Even considering the Law Guardian's opposition to termination expressed in the initial brief, we are also satisfied severing N.C.S.' parental rights was appropriate under the circumstances of this case. Notwithstanding those lingering questions at the time of trial, our jurisprudence and strong public policy favors permanency of child placement. N.J. Div. of Youth & Family Servs. v. C.S., 367 N.J. Super. 76, 116 (App. Div.), certif. denied, 180 N.J. 456 (2004). We are convinced that, although N.C.S. may love her son in an abstract way, she is unable and unwilling to provide a safe, stable and permanent home that he so desperately needs. As we concluded in In re Guardianship of A.R.G., 318 N.J. Super. 323, 330 (App. Div.), certif. denied, 162 N.J. 127 (1999), where there is substantial credible evidence in the record to support termination of parental rights, there is no reason to delay permanent resolution. The termination of parental rights was a necessary step to enable Junior to move forward with his life.

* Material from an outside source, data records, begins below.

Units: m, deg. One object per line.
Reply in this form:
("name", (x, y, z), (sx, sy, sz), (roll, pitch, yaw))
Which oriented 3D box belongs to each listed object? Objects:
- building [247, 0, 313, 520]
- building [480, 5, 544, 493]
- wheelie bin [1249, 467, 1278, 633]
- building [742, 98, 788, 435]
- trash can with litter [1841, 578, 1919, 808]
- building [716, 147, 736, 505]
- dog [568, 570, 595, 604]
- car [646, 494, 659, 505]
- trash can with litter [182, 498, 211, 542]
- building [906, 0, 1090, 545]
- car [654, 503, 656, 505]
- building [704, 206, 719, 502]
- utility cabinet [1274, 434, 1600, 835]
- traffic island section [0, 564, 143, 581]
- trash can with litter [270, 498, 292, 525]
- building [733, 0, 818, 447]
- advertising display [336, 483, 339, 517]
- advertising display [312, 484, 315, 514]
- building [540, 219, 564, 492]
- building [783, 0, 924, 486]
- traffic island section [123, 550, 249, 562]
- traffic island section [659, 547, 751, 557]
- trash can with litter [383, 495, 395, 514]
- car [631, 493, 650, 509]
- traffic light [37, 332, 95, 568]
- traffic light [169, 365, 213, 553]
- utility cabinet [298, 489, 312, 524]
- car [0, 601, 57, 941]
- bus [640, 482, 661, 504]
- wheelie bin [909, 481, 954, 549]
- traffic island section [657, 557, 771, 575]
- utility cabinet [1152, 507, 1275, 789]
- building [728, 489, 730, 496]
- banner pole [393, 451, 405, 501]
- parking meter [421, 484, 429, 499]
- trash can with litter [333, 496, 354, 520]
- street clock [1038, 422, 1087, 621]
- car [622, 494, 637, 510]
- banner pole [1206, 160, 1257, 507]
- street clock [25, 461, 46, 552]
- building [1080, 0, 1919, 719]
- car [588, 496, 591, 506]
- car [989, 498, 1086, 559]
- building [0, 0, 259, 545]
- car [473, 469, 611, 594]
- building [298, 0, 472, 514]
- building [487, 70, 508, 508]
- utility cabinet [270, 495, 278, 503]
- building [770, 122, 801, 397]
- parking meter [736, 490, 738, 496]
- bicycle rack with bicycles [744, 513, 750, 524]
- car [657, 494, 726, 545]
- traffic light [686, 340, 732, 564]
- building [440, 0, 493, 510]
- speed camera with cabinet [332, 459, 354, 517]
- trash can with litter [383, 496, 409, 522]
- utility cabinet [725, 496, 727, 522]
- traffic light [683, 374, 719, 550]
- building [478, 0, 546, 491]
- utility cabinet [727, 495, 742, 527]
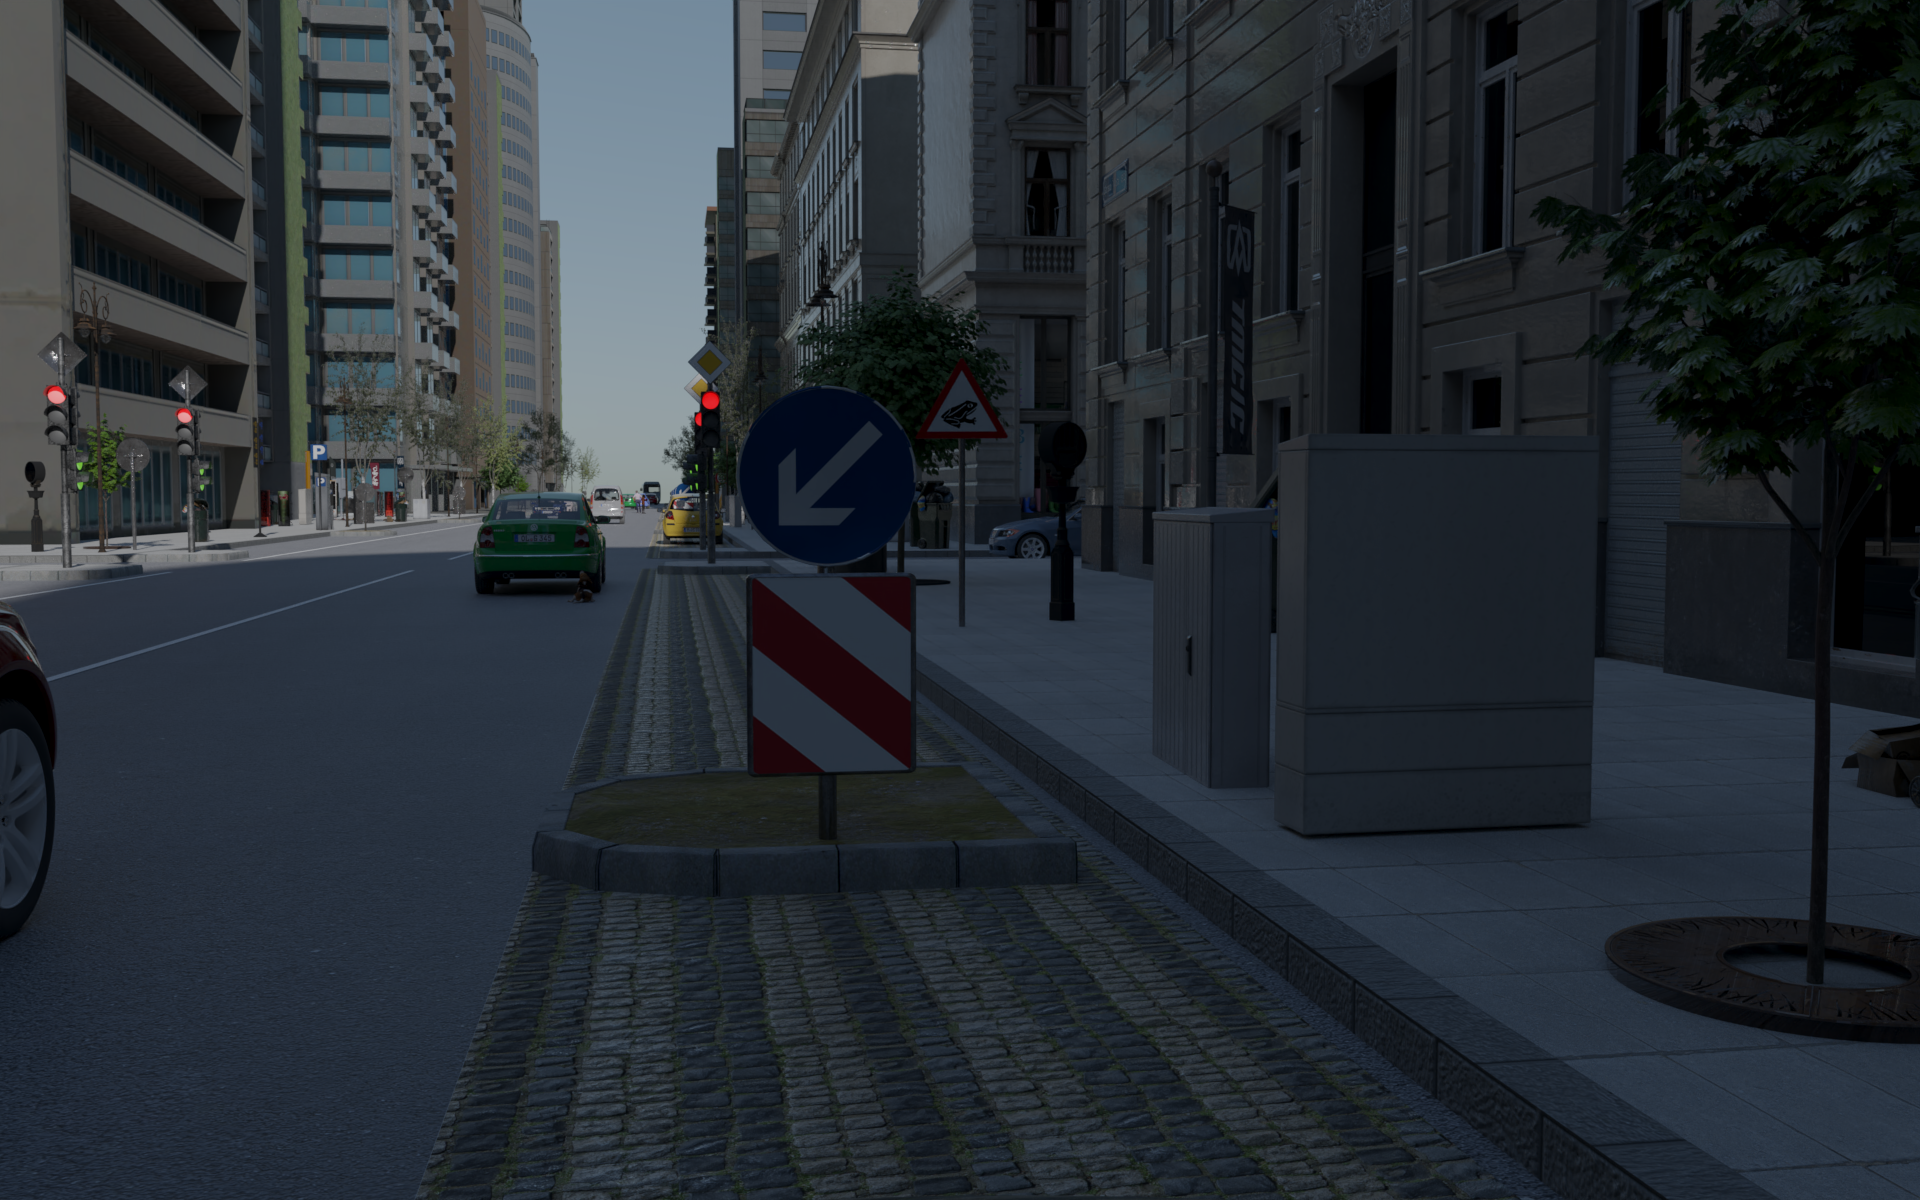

Although we render our decision based on the record before the trial court, at which time there was no readily apparent permanent placement for Junior, our decision is reinforced by subsequent events. Pursuant to our September 16, 2010 order granting DYFS' motion to supplement the record, we were informed that on November 4, 2009, about five months post-trial, Junior was placed with a new foster family who, by letter of April 8, 2010, expressed a desire to adopt him. We were provided with a copy of the letter, as well as the May 5, 2010 post-termination summary hearing order in the FC case confirming that fact and continuing Junior's placement with the pre-adoptive family. We were also provided with a copy of the August 5, 2010 order in that case, stating the following:

P-1 Letter of intent to adopt from current caretaker dated April 8, 2010, admitted into evidence. P-2 Adoption House reports from June and July 2010, admitted into evidence. Caseworker testified that child has been in his current placement since November, 2009, he is doing well in the current home and he wants to be adopted. Caretaker is committed to adoption. Caseworker has spoken to child about what it means to be adopted. He received adoption therapy through PAX. He is also receiving therapy through Family Connections. . . . The Law Guardian indicated that if [Junior] cannot reside with [N.W.], he would like to be adopted by current caretaker. . . .*fn4

It thus appeared the Law Guardian had changed its position from the challenge to the fourth prong based primarily on the uncertainty of Junior's placement in an adoptive home as of the trial date. In response to our inquiry, the Appellate Law Guardian responded with a letter of December 7, 2010, stating, in part:

[Junior] had been contacted and indicated that, at this point due to the length of time that has past, he is indifferent regarding his relationship with [N.C.S.] as he continues to assume that he will be unable to see her in the future.

The guardianship order was entered on June 30, 2009, approximately eighteen months ago and did not contain a provision providing visitation between [N.C.S.] and [Junior] pending appeal.

We are pleased to learn that termination of N.C.S.' parental rights resulted in a permanent placement of Junior and freed him up for adoption as the DYFS Adoption Unit representatives had contemplated at the time of the hearing.